▶ _TASK ITEM_
Please copy every record below exactly and leave out the pictures.

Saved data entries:

==================================================

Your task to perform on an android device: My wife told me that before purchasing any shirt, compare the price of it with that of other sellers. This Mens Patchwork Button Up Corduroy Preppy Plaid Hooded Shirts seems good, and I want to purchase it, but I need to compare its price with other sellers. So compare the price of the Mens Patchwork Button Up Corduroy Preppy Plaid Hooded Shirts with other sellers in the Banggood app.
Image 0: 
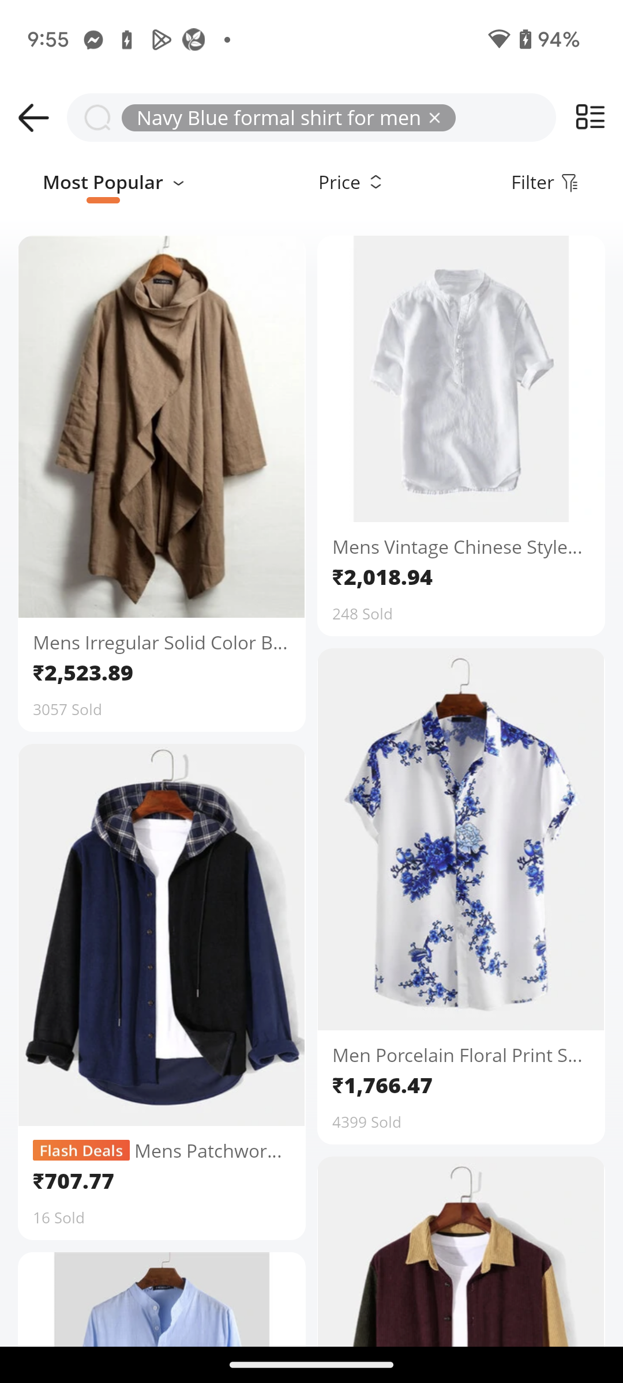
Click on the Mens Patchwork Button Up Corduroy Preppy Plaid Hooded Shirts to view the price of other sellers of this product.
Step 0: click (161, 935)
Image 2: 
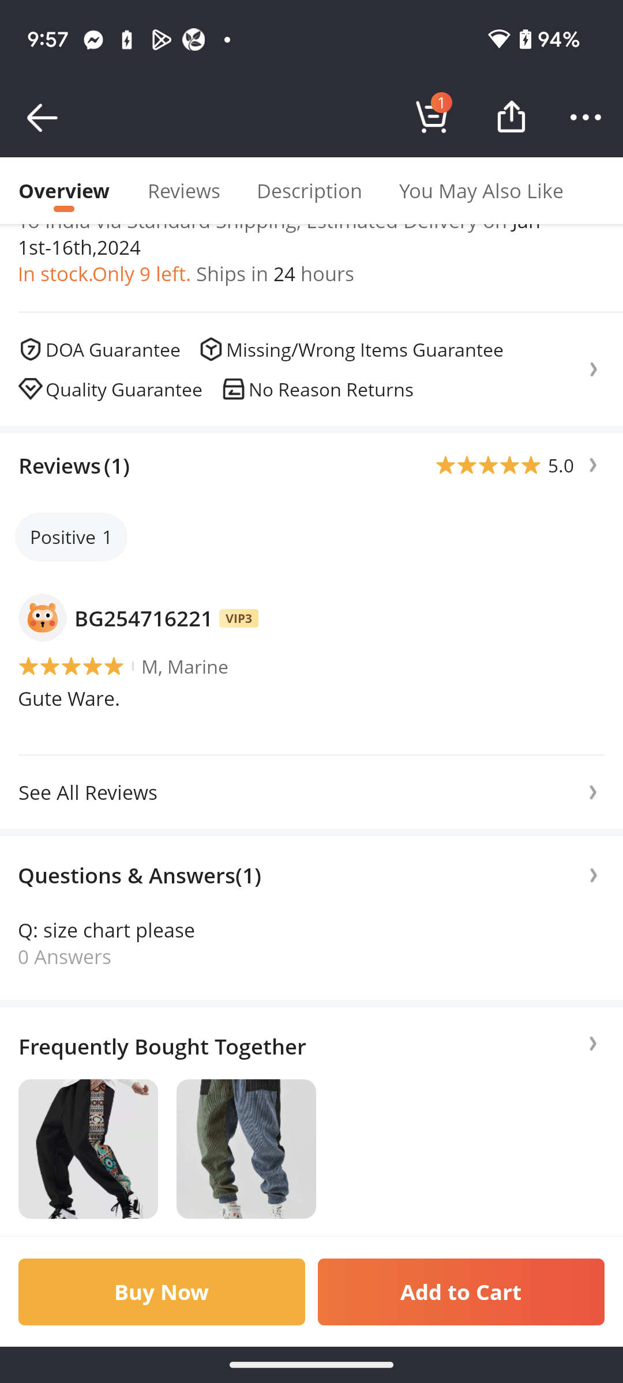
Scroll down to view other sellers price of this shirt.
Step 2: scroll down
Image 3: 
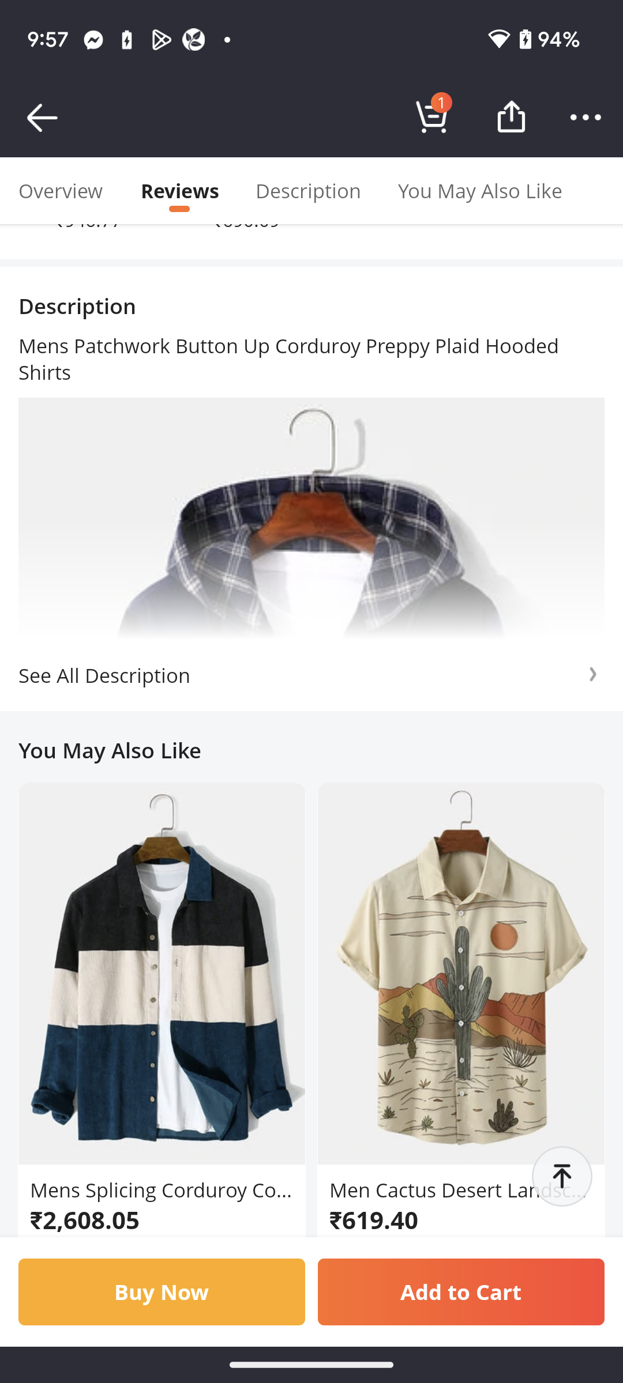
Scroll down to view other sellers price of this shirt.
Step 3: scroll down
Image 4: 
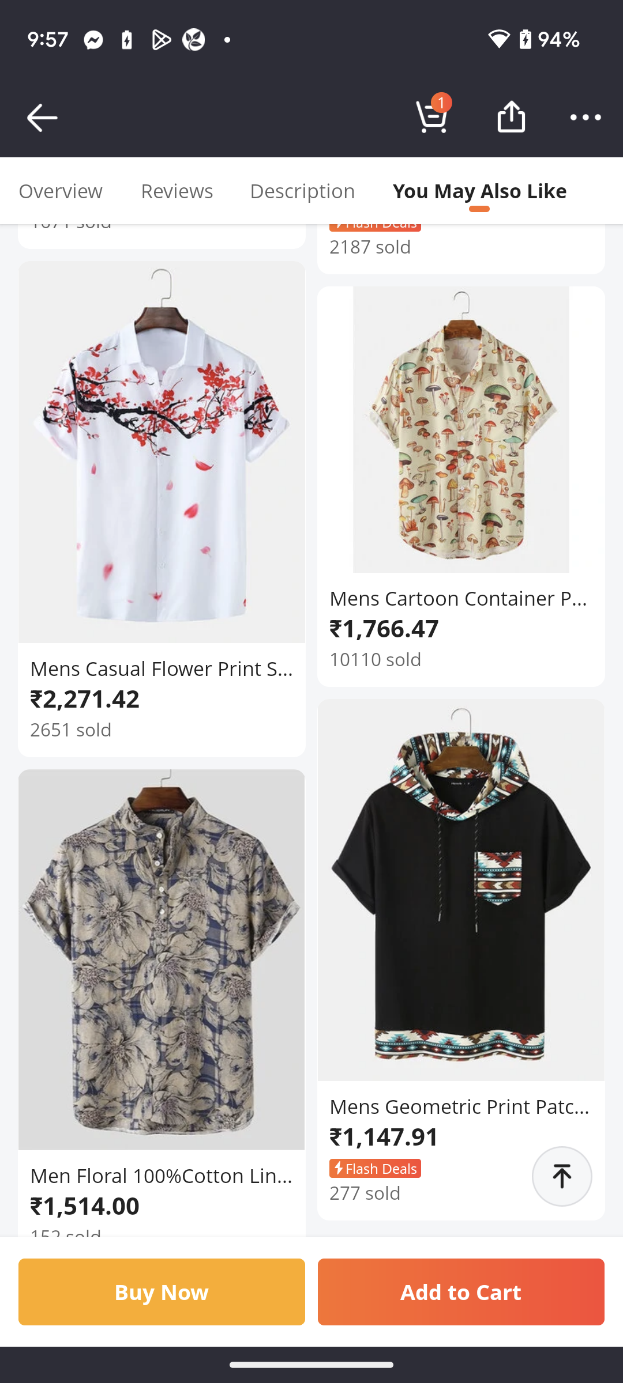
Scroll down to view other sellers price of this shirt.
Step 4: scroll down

==================================================

▶ _RESPONSE AREA_
Your task to perform on an android device: My wife told me that before purchasing any shirt, compare the price of it with that of other sellers. This Mens Patchwork Button Up Corduroy Preppy Plaid Hooded Shirts seems good, and I want to purchase it, but I need to compare its price with other sellers. So compare the price of the Mens Patchwork Button Up Corduroy Preppy Plaid Hooded Shirts with other sellers in the Banggood app.
Image 0: 
Click on the Mens Patchwork Button Up Corduroy Preppy Plaid Hooded Shirts to view the price of other sellers of this product.
Step 0: click (161, 935)
Image 2: 
Scroll down to view other sellers price of this shirt.
Step 2: scroll down
Image 3: 
Scroll down to view other sellers price of this shirt.
Step 3: scroll down
Image 4: 
Scroll down to view other sellers price of this shirt.
Step 4: scroll down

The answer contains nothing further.